* _Your goal_: Using the entries that follow, write out the line containing "Offer a very short reply. 5.02e+11.", the line containing "Give a very brief answer. 5.60e+12.", and every line between them, exactly and nothing else.
━━━━━ Records for this task
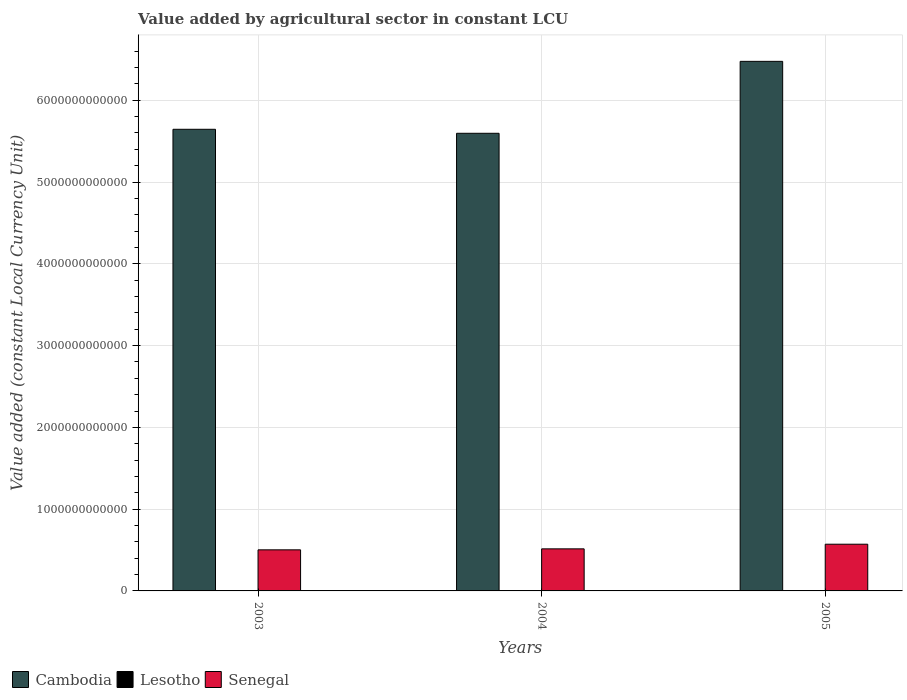How many groups of bars are there?
Your answer should be very brief. 3. Are the number of bars per tick equal to the number of legend labels?
Keep it short and to the point. Yes. Are the number of bars on each tick of the X-axis equal?
Your response must be concise. Yes. How many bars are there on the 3rd tick from the left?
Offer a very short reply. 3. What is the value added by agricultural sector in Cambodia in 2005?
Provide a succinct answer. 6.48e+12. Across all years, what is the maximum value added by agricultural sector in Cambodia?
Ensure brevity in your answer.  6.48e+12. Across all years, what is the minimum value added by agricultural sector in Senegal?
Keep it short and to the point. 5.02e+11. In which year was the value added by agricultural sector in Lesotho maximum?
Give a very brief answer. 2005. In which year was the value added by agricultural sector in Senegal minimum?
Your answer should be very brief. 2003. What is the total value added by agricultural sector in Cambodia in the graph?
Give a very brief answer. 1.77e+13. What is the difference between the value added by agricultural sector in Senegal in 2003 and that in 2004?
Ensure brevity in your answer.  -1.20e+1. What is the difference between the value added by agricultural sector in Senegal in 2005 and the value added by agricultural sector in Lesotho in 2004?
Your answer should be compact. 5.70e+11. What is the average value added by agricultural sector in Lesotho per year?
Offer a very short reply. 7.07e+08. In the year 2003, what is the difference between the value added by agricultural sector in Lesotho and value added by agricultural sector in Cambodia?
Provide a succinct answer. -5.64e+12. What is the ratio of the value added by agricultural sector in Cambodia in 2003 to that in 2005?
Your answer should be compact. 0.87. What is the difference between the highest and the second highest value added by agricultural sector in Lesotho?
Your answer should be compact. 3.31e+06. What is the difference between the highest and the lowest value added by agricultural sector in Senegal?
Keep it short and to the point. 6.87e+1. In how many years, is the value added by agricultural sector in Cambodia greater than the average value added by agricultural sector in Cambodia taken over all years?
Ensure brevity in your answer.  1. Is the sum of the value added by agricultural sector in Cambodia in 2003 and 2004 greater than the maximum value added by agricultural sector in Lesotho across all years?
Offer a very short reply. Yes. What does the 3rd bar from the left in 2003 represents?
Make the answer very short. Senegal. What does the 2nd bar from the right in 2004 represents?
Your answer should be very brief. Lesotho. Is it the case that in every year, the sum of the value added by agricultural sector in Senegal and value added by agricultural sector in Lesotho is greater than the value added by agricultural sector in Cambodia?
Your answer should be very brief. No. What is the difference between two consecutive major ticks on the Y-axis?
Provide a short and direct response. 1.00e+12. How many legend labels are there?
Keep it short and to the point. 3. How are the legend labels stacked?
Your response must be concise. Horizontal. What is the title of the graph?
Keep it short and to the point. Value added by agricultural sector in constant LCU. Does "Turkey" appear as one of the legend labels in the graph?
Offer a very short reply. No. What is the label or title of the Y-axis?
Ensure brevity in your answer.  Value added (constant Local Currency Unit). What is the Value added (constant Local Currency Unit) of Cambodia in 2003?
Give a very brief answer. 5.64e+12. What is the Value added (constant Local Currency Unit) in Lesotho in 2003?
Keep it short and to the point. 7.09e+08. What is the Value added (constant Local Currency Unit) of Senegal in 2003?
Offer a very short reply. 5.02e+11. What is the Value added (constant Local Currency Unit) of Cambodia in 2004?
Give a very brief answer. 5.60e+12. What is the Value added (constant Local Currency Unit) of Lesotho in 2004?
Make the answer very short. 7.02e+08. What is the Value added (constant Local Currency Unit) of Senegal in 2004?
Offer a terse response. 5.14e+11. What is the Value added (constant Local Currency Unit) of Cambodia in 2005?
Your answer should be compact. 6.48e+12. What is the Value added (constant Local Currency Unit) of Lesotho in 2005?
Your answer should be very brief. 7.12e+08. What is the Value added (constant Local Currency Unit) of Senegal in 2005?
Provide a succinct answer. 5.71e+11. Across all years, what is the maximum Value added (constant Local Currency Unit) of Cambodia?
Keep it short and to the point. 6.48e+12. Across all years, what is the maximum Value added (constant Local Currency Unit) in Lesotho?
Offer a very short reply. 7.12e+08. Across all years, what is the maximum Value added (constant Local Currency Unit) in Senegal?
Give a very brief answer. 5.71e+11. Across all years, what is the minimum Value added (constant Local Currency Unit) in Cambodia?
Provide a succinct answer. 5.60e+12. Across all years, what is the minimum Value added (constant Local Currency Unit) in Lesotho?
Offer a terse response. 7.02e+08. Across all years, what is the minimum Value added (constant Local Currency Unit) of Senegal?
Your answer should be very brief. 5.02e+11. What is the total Value added (constant Local Currency Unit) of Cambodia in the graph?
Make the answer very short. 1.77e+13. What is the total Value added (constant Local Currency Unit) of Lesotho in the graph?
Provide a succinct answer. 2.12e+09. What is the total Value added (constant Local Currency Unit) of Senegal in the graph?
Offer a very short reply. 1.59e+12. What is the difference between the Value added (constant Local Currency Unit) of Cambodia in 2003 and that in 2004?
Ensure brevity in your answer.  4.89e+1. What is the difference between the Value added (constant Local Currency Unit) of Lesotho in 2003 and that in 2004?
Your response must be concise. 6.57e+06. What is the difference between the Value added (constant Local Currency Unit) in Senegal in 2003 and that in 2004?
Keep it short and to the point. -1.20e+1. What is the difference between the Value added (constant Local Currency Unit) of Cambodia in 2003 and that in 2005?
Keep it short and to the point. -8.31e+11. What is the difference between the Value added (constant Local Currency Unit) in Lesotho in 2003 and that in 2005?
Keep it short and to the point. -3.31e+06. What is the difference between the Value added (constant Local Currency Unit) of Senegal in 2003 and that in 2005?
Provide a short and direct response. -6.87e+1. What is the difference between the Value added (constant Local Currency Unit) of Cambodia in 2004 and that in 2005?
Offer a very short reply. -8.80e+11. What is the difference between the Value added (constant Local Currency Unit) of Lesotho in 2004 and that in 2005?
Ensure brevity in your answer.  -9.87e+06. What is the difference between the Value added (constant Local Currency Unit) of Senegal in 2004 and that in 2005?
Provide a short and direct response. -5.67e+1. What is the difference between the Value added (constant Local Currency Unit) of Cambodia in 2003 and the Value added (constant Local Currency Unit) of Lesotho in 2004?
Make the answer very short. 5.64e+12. What is the difference between the Value added (constant Local Currency Unit) of Cambodia in 2003 and the Value added (constant Local Currency Unit) of Senegal in 2004?
Make the answer very short. 5.13e+12. What is the difference between the Value added (constant Local Currency Unit) in Lesotho in 2003 and the Value added (constant Local Currency Unit) in Senegal in 2004?
Ensure brevity in your answer.  -5.14e+11. What is the difference between the Value added (constant Local Currency Unit) in Cambodia in 2003 and the Value added (constant Local Currency Unit) in Lesotho in 2005?
Ensure brevity in your answer.  5.64e+12. What is the difference between the Value added (constant Local Currency Unit) in Cambodia in 2003 and the Value added (constant Local Currency Unit) in Senegal in 2005?
Your response must be concise. 5.07e+12. What is the difference between the Value added (constant Local Currency Unit) in Lesotho in 2003 and the Value added (constant Local Currency Unit) in Senegal in 2005?
Provide a short and direct response. -5.70e+11. What is the difference between the Value added (constant Local Currency Unit) in Cambodia in 2004 and the Value added (constant Local Currency Unit) in Lesotho in 2005?
Your answer should be very brief. 5.60e+12. What is the difference between the Value added (constant Local Currency Unit) of Cambodia in 2004 and the Value added (constant Local Currency Unit) of Senegal in 2005?
Offer a terse response. 5.02e+12. What is the difference between the Value added (constant Local Currency Unit) in Lesotho in 2004 and the Value added (constant Local Currency Unit) in Senegal in 2005?
Your answer should be compact. -5.70e+11. What is the average Value added (constant Local Currency Unit) in Cambodia per year?
Provide a short and direct response. 5.91e+12. What is the average Value added (constant Local Currency Unit) of Lesotho per year?
Keep it short and to the point. 7.07e+08. What is the average Value added (constant Local Currency Unit) in Senegal per year?
Ensure brevity in your answer.  5.29e+11. In the year 2003, what is the difference between the Value added (constant Local Currency Unit) of Cambodia and Value added (constant Local Currency Unit) of Lesotho?
Keep it short and to the point. 5.64e+12. In the year 2003, what is the difference between the Value added (constant Local Currency Unit) in Cambodia and Value added (constant Local Currency Unit) in Senegal?
Keep it short and to the point. 5.14e+12. In the year 2003, what is the difference between the Value added (constant Local Currency Unit) in Lesotho and Value added (constant Local Currency Unit) in Senegal?
Offer a terse response. -5.02e+11. In the year 2004, what is the difference between the Value added (constant Local Currency Unit) of Cambodia and Value added (constant Local Currency Unit) of Lesotho?
Your answer should be very brief. 5.60e+12. In the year 2004, what is the difference between the Value added (constant Local Currency Unit) of Cambodia and Value added (constant Local Currency Unit) of Senegal?
Offer a very short reply. 5.08e+12. In the year 2004, what is the difference between the Value added (constant Local Currency Unit) in Lesotho and Value added (constant Local Currency Unit) in Senegal?
Provide a short and direct response. -5.14e+11. In the year 2005, what is the difference between the Value added (constant Local Currency Unit) in Cambodia and Value added (constant Local Currency Unit) in Lesotho?
Give a very brief answer. 6.47e+12. In the year 2005, what is the difference between the Value added (constant Local Currency Unit) of Cambodia and Value added (constant Local Currency Unit) of Senegal?
Provide a short and direct response. 5.90e+12. In the year 2005, what is the difference between the Value added (constant Local Currency Unit) of Lesotho and Value added (constant Local Currency Unit) of Senegal?
Give a very brief answer. -5.70e+11. What is the ratio of the Value added (constant Local Currency Unit) in Cambodia in 2003 to that in 2004?
Provide a short and direct response. 1.01. What is the ratio of the Value added (constant Local Currency Unit) of Lesotho in 2003 to that in 2004?
Give a very brief answer. 1.01. What is the ratio of the Value added (constant Local Currency Unit) of Senegal in 2003 to that in 2004?
Provide a short and direct response. 0.98. What is the ratio of the Value added (constant Local Currency Unit) of Cambodia in 2003 to that in 2005?
Make the answer very short. 0.87. What is the ratio of the Value added (constant Local Currency Unit) of Lesotho in 2003 to that in 2005?
Offer a terse response. 1. What is the ratio of the Value added (constant Local Currency Unit) of Senegal in 2003 to that in 2005?
Your answer should be compact. 0.88. What is the ratio of the Value added (constant Local Currency Unit) of Cambodia in 2004 to that in 2005?
Offer a terse response. 0.86. What is the ratio of the Value added (constant Local Currency Unit) of Lesotho in 2004 to that in 2005?
Make the answer very short. 0.99. What is the ratio of the Value added (constant Local Currency Unit) in Senegal in 2004 to that in 2005?
Make the answer very short. 0.9. What is the difference between the highest and the second highest Value added (constant Local Currency Unit) in Cambodia?
Provide a succinct answer. 8.31e+11. What is the difference between the highest and the second highest Value added (constant Local Currency Unit) in Lesotho?
Your answer should be compact. 3.31e+06. What is the difference between the highest and the second highest Value added (constant Local Currency Unit) of Senegal?
Offer a very short reply. 5.67e+1. What is the difference between the highest and the lowest Value added (constant Local Currency Unit) of Cambodia?
Make the answer very short. 8.80e+11. What is the difference between the highest and the lowest Value added (constant Local Currency Unit) of Lesotho?
Provide a succinct answer. 9.87e+06. What is the difference between the highest and the lowest Value added (constant Local Currency Unit) of Senegal?
Your answer should be compact. 6.87e+1.
━━━━━━━━━━
* _Your response_:
Offer a very short reply. 5.02e+11. What is the Value added (constant Local Currency Unit) of Cambodia in 2004?
Give a very brief answer. 5.60e+12. What is the Value added (constant Local Currency Unit) of Lesotho in 2004?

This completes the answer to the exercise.